Efficiency entrepreneur and policy advocate Matt Golden, a frequent contributor at GTM, believes utilities are ignoring their most important piece of infrastructure: the smart meter. 

"Moving to energy-efficiency procurement that pays for efficiency at the meter will unshackle contractors and the broader energy-efficiency industry from the trap of current incentive programs and the stifling regulation that inevitably goes with them," he wrote in a recent op-ed. 

Golden put it much more bluntly in an interview: "I'm looking to fundamentally change the way we think about M&V. If you think about efficiency as a commodity and think about programs in terms of resource acquisition, it's way simpler." 

The problem, he said, is that utilities approach efficiency through a coupon-based approach -- sending out rebates and then calculating savings through complicated models and self-reporting in the hopes that the program will be deemed effective months or years later.

As a senior consultant to the Investor Confidence Project, Golden is applying his passion for standards to metering.

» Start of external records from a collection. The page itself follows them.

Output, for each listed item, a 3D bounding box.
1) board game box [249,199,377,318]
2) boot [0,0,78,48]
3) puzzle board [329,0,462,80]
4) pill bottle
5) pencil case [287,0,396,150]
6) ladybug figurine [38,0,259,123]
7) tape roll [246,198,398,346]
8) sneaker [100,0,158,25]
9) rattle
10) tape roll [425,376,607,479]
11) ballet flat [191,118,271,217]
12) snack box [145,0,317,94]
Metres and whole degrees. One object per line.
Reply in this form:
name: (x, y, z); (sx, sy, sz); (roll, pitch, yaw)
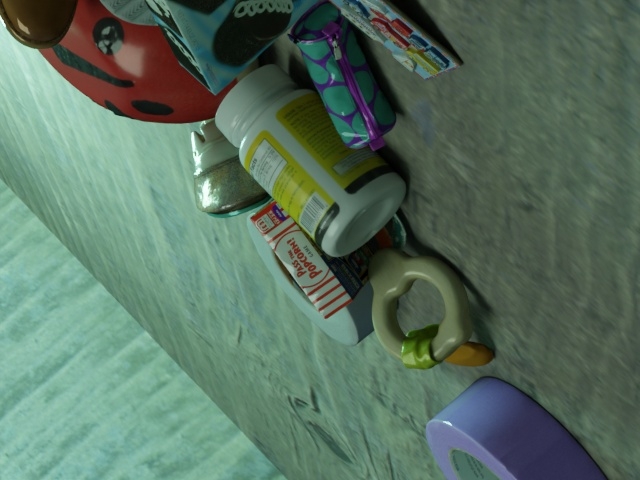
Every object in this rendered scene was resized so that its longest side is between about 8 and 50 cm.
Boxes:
board game box: (0.000, 0.000, 2.159); (0.147, 0.045, 0.193); (54, -162, -2)
boot: (-0.266, -0.359, 1.952); (0.109, 0.283, 0.220); (16, 167, -23)
puzzle board: (0.066, -0.196, 1.717); (0.128, 0.011, 0.096); (39, 166, -11)
pill bottle: (-0.014, -0.092, 2.036); (0.208, 0.119, 0.119); (47, 164, 17)
pencil case: (0.024, -0.166, 1.863); (0.151, 0.064, 0.070); (61, 176, -35)
ladybug figurine: (-0.234, -0.263, 2.185); (0.449, 0.162, 0.305); (26, 150, 57)
tape roll: (0.001, 0.031, 2.365); (0.219, 0.072, 0.219); (45, 163, 18)
sneaker: (-0.152, -0.301, 1.765); (0.321, 0.124, 0.180); (28, -146, -63)
rattle: (0.125, 0.049, 2.135); (0.130, 0.143, 0.199); (-52, 58, 42)
tape roll: (0.253, 0.299, 2.238); (0.275, 0.090, 0.275); (46, 165, 17)
ballet flat: (-0.116, -0.100, 2.234); (0.316, 0.107, 0.106); (-122, 8, -80)
snack box: (-0.084, -0.282, 1.599); (0.060, 0.187, 0.322); (42, 170, 27)
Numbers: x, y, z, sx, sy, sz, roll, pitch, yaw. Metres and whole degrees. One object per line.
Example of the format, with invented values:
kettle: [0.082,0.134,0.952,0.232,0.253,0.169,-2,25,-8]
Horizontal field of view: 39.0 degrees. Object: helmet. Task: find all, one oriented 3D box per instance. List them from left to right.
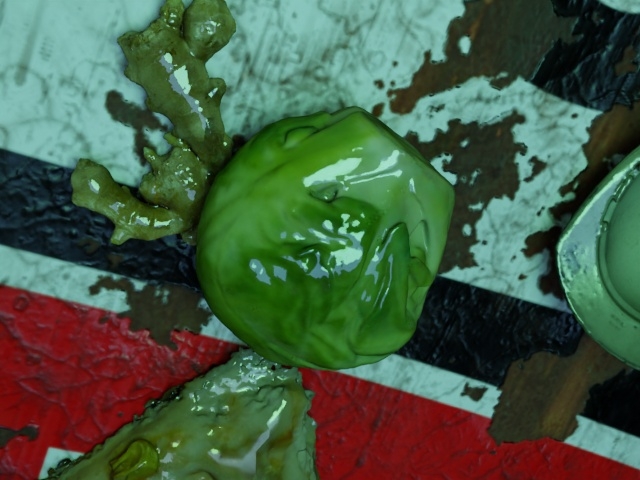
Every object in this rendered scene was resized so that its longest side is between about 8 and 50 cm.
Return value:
helmet: [0.357,-0.002,0.849,0.258,0.137,0.204,-35,80,20]

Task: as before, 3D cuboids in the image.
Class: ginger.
ginger: [-0.119,-0.087,0.738,0.193,0.052,0.176,-35,118,5]

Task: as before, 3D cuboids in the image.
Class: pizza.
pizza: [-0.134,0.350,0.902,0.435,0.080,0.391,-31,116,2]

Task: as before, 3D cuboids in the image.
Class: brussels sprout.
brussels sprout: [0.000,0.000,0.741,0.223,0.161,0.223,-4,106,-15]
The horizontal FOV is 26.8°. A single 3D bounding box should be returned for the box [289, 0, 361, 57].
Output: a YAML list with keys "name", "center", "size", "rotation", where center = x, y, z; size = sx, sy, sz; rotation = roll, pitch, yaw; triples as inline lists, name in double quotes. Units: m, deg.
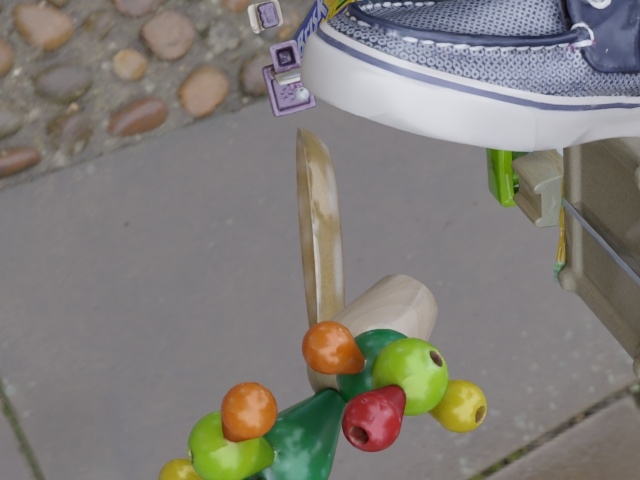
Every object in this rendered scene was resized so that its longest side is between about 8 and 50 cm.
- name: "box"
  center: [0.027, -0.207, 1.264]
  size: [0.059, 0.169, 0.054]
  rotation: [5, 56, -26]

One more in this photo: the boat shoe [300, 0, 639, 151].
- name: "boat shoe"
  center: [0.149, -0.142, 0.738]
  size: [0.340, 0.127, 0.158]
  rotation: [-3, 118, -35]

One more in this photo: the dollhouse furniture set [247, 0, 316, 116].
- name: "dollhouse furniture set"
  center: [0.013, -0.144, 1.010]
  size: [0.114, 0.081, 0.091]
  rotation: [-15, 105, -5]

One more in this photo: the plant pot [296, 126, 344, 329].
- name: "plant pot"
  center: [0.000, 0.000, 1.381]
  size: [0.032, 0.236, 0.236]
  rotation: [-5, 75, -3]

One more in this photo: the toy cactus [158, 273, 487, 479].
- name: "toy cactus"
  center: [0.008, 0.083, 0.585]
  size: [0.112, 0.219, 0.180]
  rotation: [36, 47, 5]

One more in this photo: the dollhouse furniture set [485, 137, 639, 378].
- name: "dollhouse furniture set"
  center: [0.258, -0.061, 1.086]
  size: [0.151, 0.301, 0.197]
  rotation: [-15, 124, -10]
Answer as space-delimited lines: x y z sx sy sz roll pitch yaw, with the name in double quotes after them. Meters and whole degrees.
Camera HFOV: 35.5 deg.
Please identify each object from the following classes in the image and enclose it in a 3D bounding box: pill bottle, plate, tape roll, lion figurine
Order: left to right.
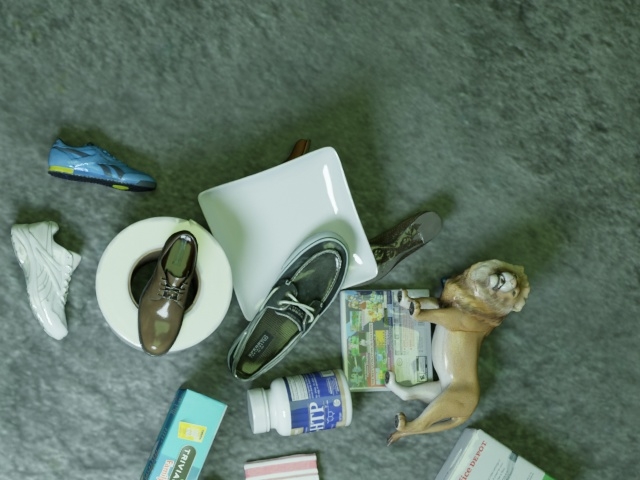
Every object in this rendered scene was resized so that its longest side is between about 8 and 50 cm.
-0.290 0.088 1.854 0.246 0.169 0.246 2 81 -11 "tape roll"
-0.060 -0.014 1.923 0.278 0.045 0.277 -20 106 2 "plate"
-0.041 0.311 1.898 0.186 0.112 0.112 -7 83 -11 "pill bottle"
0.263 0.221 1.948 0.240 0.142 0.392 9 98 -17 "lion figurine"

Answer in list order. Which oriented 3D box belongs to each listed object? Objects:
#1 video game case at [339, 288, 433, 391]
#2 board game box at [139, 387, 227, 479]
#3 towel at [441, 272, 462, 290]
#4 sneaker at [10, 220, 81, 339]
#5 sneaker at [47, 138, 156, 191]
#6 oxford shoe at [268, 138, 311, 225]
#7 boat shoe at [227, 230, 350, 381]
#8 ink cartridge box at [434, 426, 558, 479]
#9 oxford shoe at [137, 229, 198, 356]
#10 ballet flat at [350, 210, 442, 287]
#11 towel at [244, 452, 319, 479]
0.131 0.198 1.993 0.183 0.023 0.201 0 83 -11 "video game case"
-0.274 0.431 1.764 0.079 0.254 0.336 23 79 -7 "board game box"
0.289 0.126 2.029 0.067 0.029 0.119 -14 85 -13 "towel"
-0.495 0.067 1.862 0.115 0.090 0.232 -17 86 -16 "sneaker"
-0.414 -0.146 1.917 0.209 0.069 0.082 12 76 -9 "sneaker"
-0.087 -0.120 1.973 0.076 0.076 0.212 31 79 0 "oxford shoe"
-0.051 0.136 1.876 0.121 0.119 0.335 33 95 -11 "boat shoe"
0.342 0.482 1.958 0.208 0.087 0.153 35 78 -5 "ink cartridge box"
-0.265 0.088 1.724 0.082 0.096 0.227 13 81 -10 "oxford shoe"
0.132 0.016 2.008 0.250 0.058 0.084 -32 99 -8 "ballet flat"
-0.068 0.512 1.909 0.144 0.029 0.197 -5 80 -11 "towel"
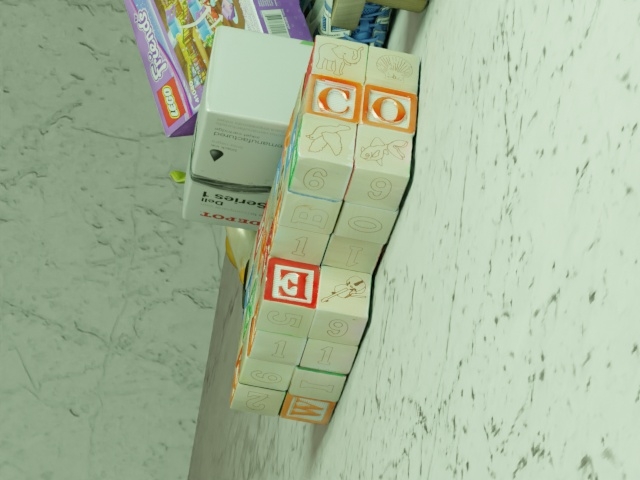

He's currently working on the Open EE Meter, an open-source tool designed to standardize the way savings are measured. 

A group of home-performance professionals, led by Nate Adams and Ted Kidd, have also been advocating for a simpler way to measure savings and deliver rebates in the residential efficiency space. Called "One Knob," their proposed program is structured around reading savings at the meter -- delivering incentives simply based on negawatts, not prescriptive retrofits demanded by a program administrator.

"Is paying for a negawatt too simple? Well, isn't that what utilities and public utility commissions want? Incentivizing saved energy directly is the fastest and simplest path there," wrote Adams in a piece at GTM last fall.

Almost everyone agrees that M&V needs to improve. But some are skeptical about the singular obsession with the meter. 

"Reading the meter is helpful, but it doesn’t get to all of the factors that you have to account for. That’s just the starting point," said Glenn Garland, the CEO of CLEAResult, the country's biggest efficiency program administrator. Deeper analysis is needed to account for seasonal changes, building occupancy shifts and de-tuned equipment, he said.

The industry is somewhat divided on the severity of the M&V problem in efficiency. Regulators worried about their reputations and the large consulting firms traditionally responsible for tracking programs are generally hesitant to admit the limitations of modeling. Thus, the most passionate advocates for reform still face a resistance to change.

But rapid changes in technology that make reporting easier may finally break through the inertia.

"The industry is colliding with new technology in a huge way -- and that's going to change it," said Lime Energy's Saroya.